Chapters 9-14: Post-Experiment Careers
Traces the divergent paths of the Turtle traders after the experiment, from Jerry Parker's Chesapeake Capital ($1 billion+ under management) to those who failed. Examines why some Turtles succeeded spectacularly while others abandoned the method or went broke.
Key Concepts & Frameworks
- Trend Following: Trading in the direction of established price trends across all liquid markets
- Position Sizing by Volatility (N): Normalizing risk across different markets using Average True Range
- Breakout Entry System: Entering positions when prices exceed previous 20-day or 55-day highs/lows
- Pyramiding: Adding to winning positions at predetermined intervals
- Portfolio Heat: Limiting total portfolio risk through correlation-based position limits
- Expectancy: Thinking in terms of expected value across many trades rather than individual outcomes
- The Casino Mentality: Trading like the house, accepting that individual outcomes are random while the edge plays out over many trades
Practical Trading Applications
- Use systematic rules to remove emotional decision-making from trading
- Size positions based on market volatility, not fixed dollar amounts
- Cut losses quickly with predetermined stop-losses
- Let winners run by using trailing stops rather than profit targets
- Diversify across uncorrelated markets to smooth equity curves
- Accept that most trades will be losers; profitability comes from the magnitude of winners exceeding losers
- Trade every signal without cherry-picking to capture the full distribution of outcomes
Critical Assessment
Strengths: Covel provides the most complete publicly available account of the Turtle experiment, including trading rules, performance data, and personal interviews.
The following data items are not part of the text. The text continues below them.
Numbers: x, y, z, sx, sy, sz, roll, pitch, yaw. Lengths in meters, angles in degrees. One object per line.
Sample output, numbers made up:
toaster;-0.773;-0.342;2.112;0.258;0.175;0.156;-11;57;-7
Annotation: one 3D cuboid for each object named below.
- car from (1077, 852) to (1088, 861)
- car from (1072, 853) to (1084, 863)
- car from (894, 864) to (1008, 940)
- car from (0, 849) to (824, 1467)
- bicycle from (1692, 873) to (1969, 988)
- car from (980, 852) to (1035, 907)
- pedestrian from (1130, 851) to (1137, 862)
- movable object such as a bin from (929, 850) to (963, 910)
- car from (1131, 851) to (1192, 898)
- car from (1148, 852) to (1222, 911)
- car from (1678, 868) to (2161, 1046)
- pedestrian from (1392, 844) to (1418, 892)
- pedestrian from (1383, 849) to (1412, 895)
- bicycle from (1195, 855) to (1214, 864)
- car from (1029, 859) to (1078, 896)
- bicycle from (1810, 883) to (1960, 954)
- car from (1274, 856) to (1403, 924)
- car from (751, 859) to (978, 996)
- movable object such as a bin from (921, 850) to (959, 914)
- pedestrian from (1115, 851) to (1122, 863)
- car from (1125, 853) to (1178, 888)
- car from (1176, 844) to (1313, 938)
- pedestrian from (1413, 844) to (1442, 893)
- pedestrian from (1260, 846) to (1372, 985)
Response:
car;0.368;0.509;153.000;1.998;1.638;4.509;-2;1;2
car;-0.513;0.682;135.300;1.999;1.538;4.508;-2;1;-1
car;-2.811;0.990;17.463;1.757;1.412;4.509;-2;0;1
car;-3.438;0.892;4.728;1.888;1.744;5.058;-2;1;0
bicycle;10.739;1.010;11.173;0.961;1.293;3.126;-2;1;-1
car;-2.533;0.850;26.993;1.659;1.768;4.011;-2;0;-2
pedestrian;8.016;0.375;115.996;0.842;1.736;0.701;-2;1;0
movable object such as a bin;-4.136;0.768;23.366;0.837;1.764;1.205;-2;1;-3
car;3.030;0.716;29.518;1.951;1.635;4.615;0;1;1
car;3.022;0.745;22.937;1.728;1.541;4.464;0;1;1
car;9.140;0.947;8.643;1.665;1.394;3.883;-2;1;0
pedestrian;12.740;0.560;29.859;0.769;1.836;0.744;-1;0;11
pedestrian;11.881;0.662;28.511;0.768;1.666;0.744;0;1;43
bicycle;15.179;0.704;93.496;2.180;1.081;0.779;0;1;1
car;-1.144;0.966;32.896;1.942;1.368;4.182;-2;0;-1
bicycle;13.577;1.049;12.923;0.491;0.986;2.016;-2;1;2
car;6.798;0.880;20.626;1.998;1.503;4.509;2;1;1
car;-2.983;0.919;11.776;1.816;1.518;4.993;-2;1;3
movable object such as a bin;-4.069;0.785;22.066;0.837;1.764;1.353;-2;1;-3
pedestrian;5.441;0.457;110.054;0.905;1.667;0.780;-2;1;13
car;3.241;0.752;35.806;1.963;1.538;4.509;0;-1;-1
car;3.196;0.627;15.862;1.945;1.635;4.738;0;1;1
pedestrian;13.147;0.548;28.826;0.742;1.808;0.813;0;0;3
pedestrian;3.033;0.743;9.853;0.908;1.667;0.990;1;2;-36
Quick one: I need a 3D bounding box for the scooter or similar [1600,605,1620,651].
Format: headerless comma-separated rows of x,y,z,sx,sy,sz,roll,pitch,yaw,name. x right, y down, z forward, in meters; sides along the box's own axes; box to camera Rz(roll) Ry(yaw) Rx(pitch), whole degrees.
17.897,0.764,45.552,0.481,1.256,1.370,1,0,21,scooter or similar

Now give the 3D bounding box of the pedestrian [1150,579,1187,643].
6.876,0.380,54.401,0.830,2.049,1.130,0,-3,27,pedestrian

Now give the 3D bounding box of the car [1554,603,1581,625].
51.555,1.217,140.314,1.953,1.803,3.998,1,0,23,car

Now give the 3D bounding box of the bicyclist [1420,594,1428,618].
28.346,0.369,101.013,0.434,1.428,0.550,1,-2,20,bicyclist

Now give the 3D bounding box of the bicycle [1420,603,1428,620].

The book effectively demolishes the myth that successful trading requires innate genius or elite credentials. The narrative structure makes complex trading concepts accessible to a wide audience.
Weaknesses: The book occasionally veers into hagiography of Dennis and trend following generally. Covel's journalistic style sometimes prioritizes storytelling over analytical rigor. The specific Turtle rules, while revolutionary in the 1980s, have been widely disseminated and may have lost some edge due to increased competition. The book could benefit from more quantitative analysis of the Turtle system's evolution and adaptation.
Key Quotes
- "Trading was more teachable than I ever imagined. Even though I was the only one who thought it was teachable... it was teachable beyond my wildest imagination." - Richard Dennis
- "You're much better off going into the market on a shoestring, feeling that you can't afford to lose." - William Eckhardt
- "I'm an empiricist, through and through. David Hume and Bertrand Russell. I'm solidly in the English tradition." - Richard Dennis
- "If I make $5,000, then I can bet more and potentially make $25,000. And if I make $25,000, I can bet that again to get to $250,000."
Conclusion & Recommendation
"The Complete TurtleTrader" is an essential read for anyone interested in systematic trading and trend following. The Turtle experiment stands as one of the most important demonstrations that trading success can be replicated through proper training, disciplined rule-following, and sound risk management. While the specific rules may need updating for modern markets, the underlying principles of trend following, volatility-based position sizing, and emotional discipline remain as relevant as ever. The book is accessible to beginners while providing enough depth for experienced traders to extract actionable insights.